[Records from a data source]
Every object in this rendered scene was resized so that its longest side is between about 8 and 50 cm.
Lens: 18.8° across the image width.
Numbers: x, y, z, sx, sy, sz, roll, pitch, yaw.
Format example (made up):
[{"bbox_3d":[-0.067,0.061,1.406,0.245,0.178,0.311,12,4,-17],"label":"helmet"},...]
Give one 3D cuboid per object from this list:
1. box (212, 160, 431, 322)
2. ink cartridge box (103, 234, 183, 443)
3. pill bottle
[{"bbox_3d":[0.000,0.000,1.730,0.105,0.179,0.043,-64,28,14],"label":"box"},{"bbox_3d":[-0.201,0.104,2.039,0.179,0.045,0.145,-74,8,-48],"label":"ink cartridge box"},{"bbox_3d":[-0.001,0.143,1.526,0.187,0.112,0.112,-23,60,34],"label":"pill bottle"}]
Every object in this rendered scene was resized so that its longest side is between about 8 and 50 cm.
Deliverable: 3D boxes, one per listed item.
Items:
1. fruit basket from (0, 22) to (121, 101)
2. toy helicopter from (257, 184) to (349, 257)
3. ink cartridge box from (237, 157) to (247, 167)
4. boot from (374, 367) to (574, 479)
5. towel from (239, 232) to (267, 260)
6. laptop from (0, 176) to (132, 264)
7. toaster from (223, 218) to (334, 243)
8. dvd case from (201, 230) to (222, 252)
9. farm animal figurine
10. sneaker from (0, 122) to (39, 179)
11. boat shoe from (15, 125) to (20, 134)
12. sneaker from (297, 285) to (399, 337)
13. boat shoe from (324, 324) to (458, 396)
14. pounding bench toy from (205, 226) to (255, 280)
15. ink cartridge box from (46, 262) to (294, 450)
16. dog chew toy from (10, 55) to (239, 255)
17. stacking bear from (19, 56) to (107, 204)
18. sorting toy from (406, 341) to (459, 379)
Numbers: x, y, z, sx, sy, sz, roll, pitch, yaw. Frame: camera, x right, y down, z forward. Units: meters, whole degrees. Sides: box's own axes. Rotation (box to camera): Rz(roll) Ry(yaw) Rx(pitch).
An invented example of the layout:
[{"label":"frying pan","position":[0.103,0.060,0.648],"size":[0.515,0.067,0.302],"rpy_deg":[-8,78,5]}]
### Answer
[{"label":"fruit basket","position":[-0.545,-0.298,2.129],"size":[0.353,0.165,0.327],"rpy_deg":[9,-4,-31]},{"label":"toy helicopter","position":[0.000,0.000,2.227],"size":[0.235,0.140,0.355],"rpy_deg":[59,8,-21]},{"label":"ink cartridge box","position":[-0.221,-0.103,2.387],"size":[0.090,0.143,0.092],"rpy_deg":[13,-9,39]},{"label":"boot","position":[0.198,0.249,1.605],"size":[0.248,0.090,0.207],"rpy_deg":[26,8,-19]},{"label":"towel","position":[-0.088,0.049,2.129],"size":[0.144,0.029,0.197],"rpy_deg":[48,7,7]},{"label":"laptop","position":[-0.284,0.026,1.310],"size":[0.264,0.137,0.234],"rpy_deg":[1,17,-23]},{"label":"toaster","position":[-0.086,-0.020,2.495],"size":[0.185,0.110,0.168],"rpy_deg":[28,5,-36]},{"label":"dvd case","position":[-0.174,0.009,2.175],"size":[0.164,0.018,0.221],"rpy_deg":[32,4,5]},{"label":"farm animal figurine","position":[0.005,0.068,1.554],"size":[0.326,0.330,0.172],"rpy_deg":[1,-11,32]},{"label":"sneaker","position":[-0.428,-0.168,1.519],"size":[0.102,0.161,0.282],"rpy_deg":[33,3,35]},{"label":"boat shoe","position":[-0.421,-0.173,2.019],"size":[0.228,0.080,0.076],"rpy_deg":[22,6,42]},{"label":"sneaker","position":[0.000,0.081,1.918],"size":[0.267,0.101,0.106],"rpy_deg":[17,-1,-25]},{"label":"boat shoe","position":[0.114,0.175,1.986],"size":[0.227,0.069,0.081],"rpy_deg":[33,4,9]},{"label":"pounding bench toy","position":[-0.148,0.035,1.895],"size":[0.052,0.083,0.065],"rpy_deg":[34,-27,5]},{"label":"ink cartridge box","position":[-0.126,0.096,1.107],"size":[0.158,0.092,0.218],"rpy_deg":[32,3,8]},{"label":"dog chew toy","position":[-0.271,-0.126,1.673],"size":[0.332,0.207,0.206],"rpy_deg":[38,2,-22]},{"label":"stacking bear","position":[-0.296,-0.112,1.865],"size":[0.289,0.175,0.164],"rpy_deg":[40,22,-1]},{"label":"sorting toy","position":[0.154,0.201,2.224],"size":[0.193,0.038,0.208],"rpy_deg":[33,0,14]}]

DIRECTIONS: Locate the word "example" in the data above. Copy every line carrying it.

REPLY:
Format example (made up):
An invented example of the layout:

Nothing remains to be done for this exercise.